Desde a antiguidade os Romanos já ofereciam presentes aos seus amigos, durante as festas da Saturnália, onde ofereciam estatuetas de deuses, em argila, pedra-mármore, ouro ou prata, de acordo com possibilidades financeiras.

Também durante as calendas ou festividades do Ano Novo romano, costumava-se colocar ramos de pinheiro na porta das casas de pessoas amigas, o que acabou se tornando prática bastante difundida com o crescimento do domínio Romano.

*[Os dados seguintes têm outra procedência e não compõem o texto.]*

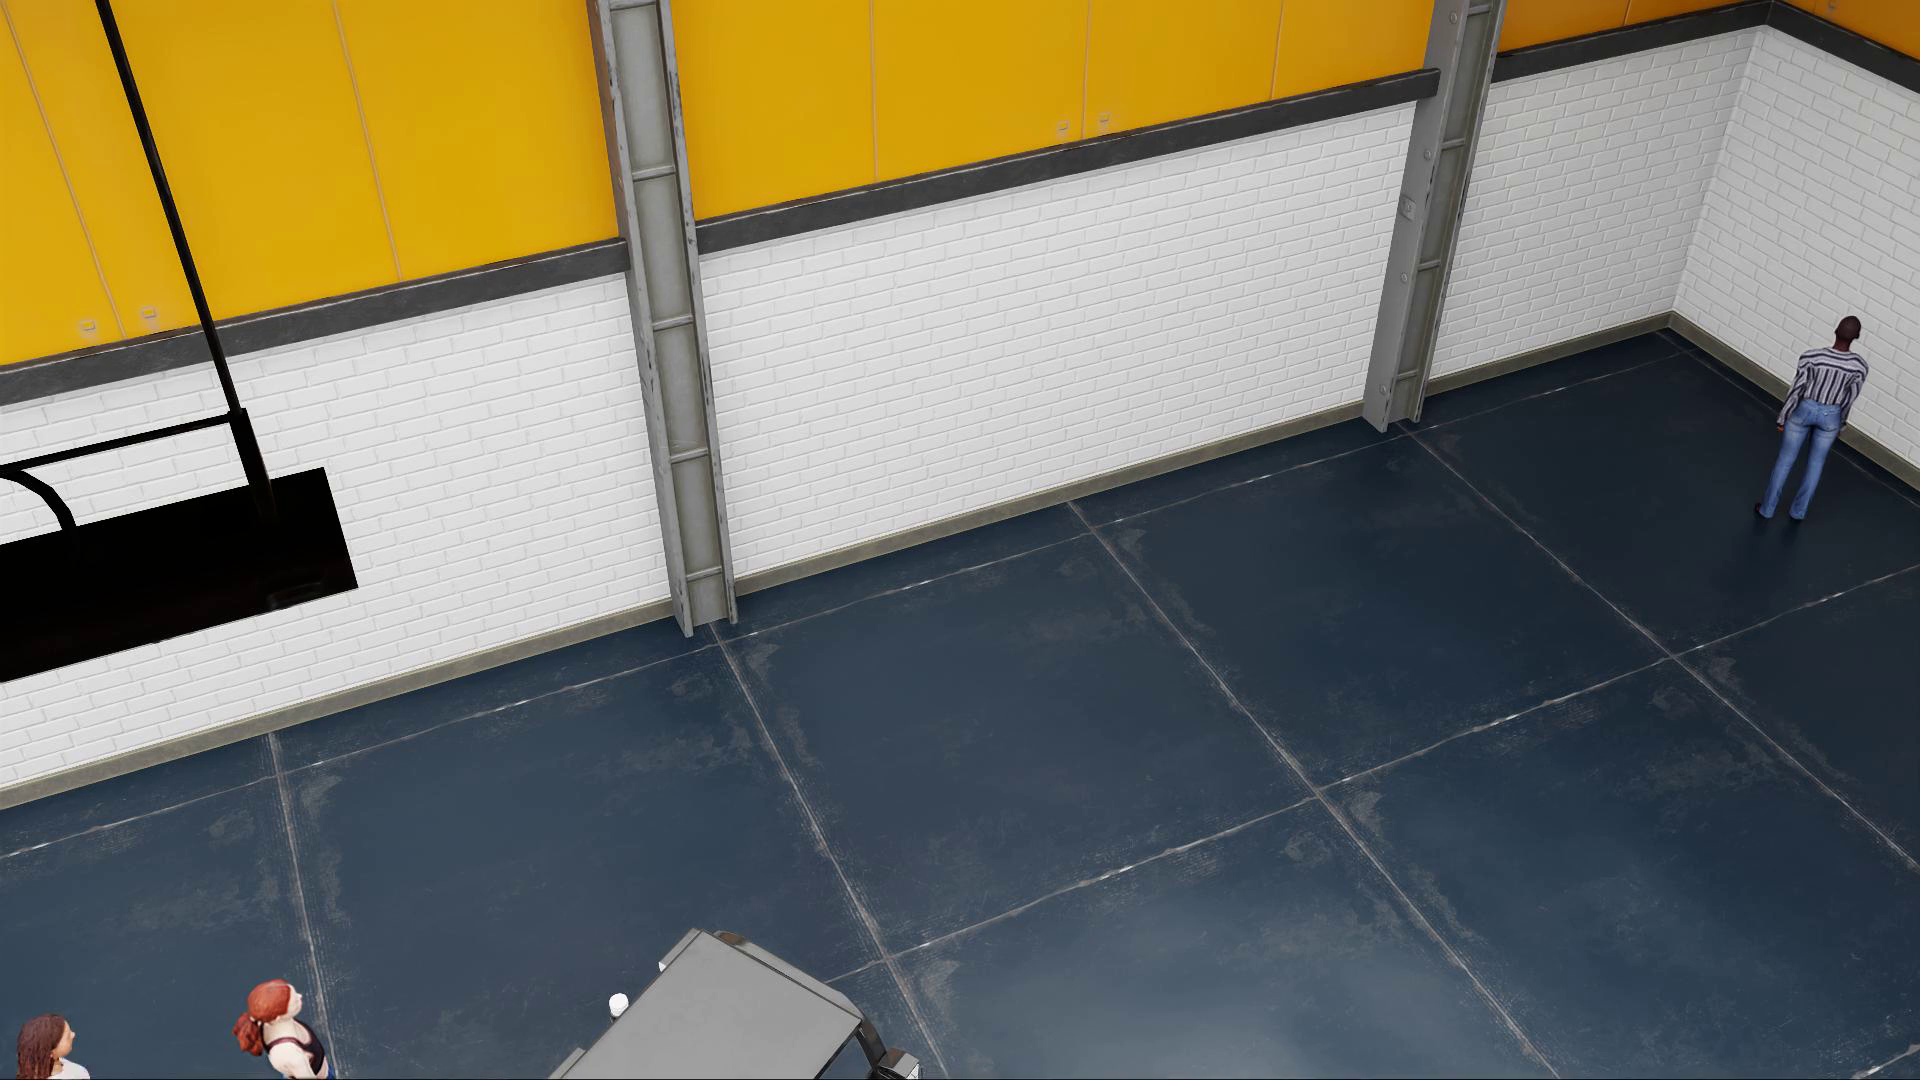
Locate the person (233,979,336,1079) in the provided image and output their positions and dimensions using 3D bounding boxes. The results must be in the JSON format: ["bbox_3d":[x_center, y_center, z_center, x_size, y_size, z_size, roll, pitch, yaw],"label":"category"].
[{"bbox_3d":[-3.058,2.668,7.891,0.659,1.785,0.647,-30,48,-32],"label":"person"}]

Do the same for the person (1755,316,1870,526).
[{"bbox_3d":[6.324,-0.873,12.316,0.681,1.796,0.750,11,40,14],"label":"person"}]

Como conhecemos hoje, os presentes de Natal, se iniciaram com a idéia do papa Bonifácio, no século VII, quando ao término da missa do dia 25 de dezembro, reuniu os sacerdotes para benzerem os pães e distribuí-los ao povo.

A tradição de enviar cartões de Natal tem origem britânica

Conta-se que o cartão de Natal surgiu em 1843, época em que os Contos de Natal de Charles Dickens acabavam de ser lançados, e ao perceber que o ano se findava e não teria tempo de escrever à mão suas felicitações natalinas aos seus amigos, o Sir Henry Cole, diretor do British Museum of London, encomendou as mensagens prontas através dos cartões elaborados pelo artista plástico mais em voga na época, John Callicot Horsley, membro da Royal Academy. Horsley, que pegou um cartão pequeno, quadrado, e dividiu-o em três partes.

Ao centro, desenhou uma família reunida em volta da mesa, bebendo alegremente, e ao lado, crianças esfomeadas recebendo comida e roupas, aa parte de baixo, escreveu: "A merry Chrístmas, a happy New Year to you". Depois, os cartões foram impressos em litografia, cem ao todo, e coloridos a mão. Cole despachou cinqüenta pelo correio e vendeu o resto, cada um por um xelim.

Primeira loja de presentes de natal

Temos notícia de que a primeira loja especializada em presentes de Natal e Ano Novo, foi fundada em Paris, no ano de 1785.

A visão espírita do Natal

Entendemos o Natal, como mais uma excelente época para nossas reflexões, sobre a verdadeira mensagem do aniversariante que quase sempre não é lembrado. Não temos mais a visão de que o Natal foi feito para troca de presentes, pois, já assimilamos a grandeza dos ensinos de Jesus quanto aos objetivos de sua vinda ao mundo, que é a de nos mostrar o caminho da felicidade e da pureza espiritual pela nossa mudança de postura diante da vida e do próximo, buscando sermos verdadeiramente discípulos do Cristo, em pensamentos palavras e atos.

O personagem mais esperado e comemorado nos dias da atualidade infelizmente ainda é o Papai Noel, que nessa época é o assunto de todos os meios de comunicação da mídia, no aguardo dos ganhos financeiros que a data proporciona, por ser mal interpretada pala maioria dos cristãos.

O Natal precisa ser entendido em seu verdadeiro sentido, ou seja, como uma época especial para reunião da família com propósitos superiores, onde podemos orar juntos agradecendo a Deus pela bênção da vida que ELE nos concedeu como mais uma oportunidade de aperfeiçoamento e progresso espiritual, a caminho da felicidade e da pureza do espírito imortal que todos somos.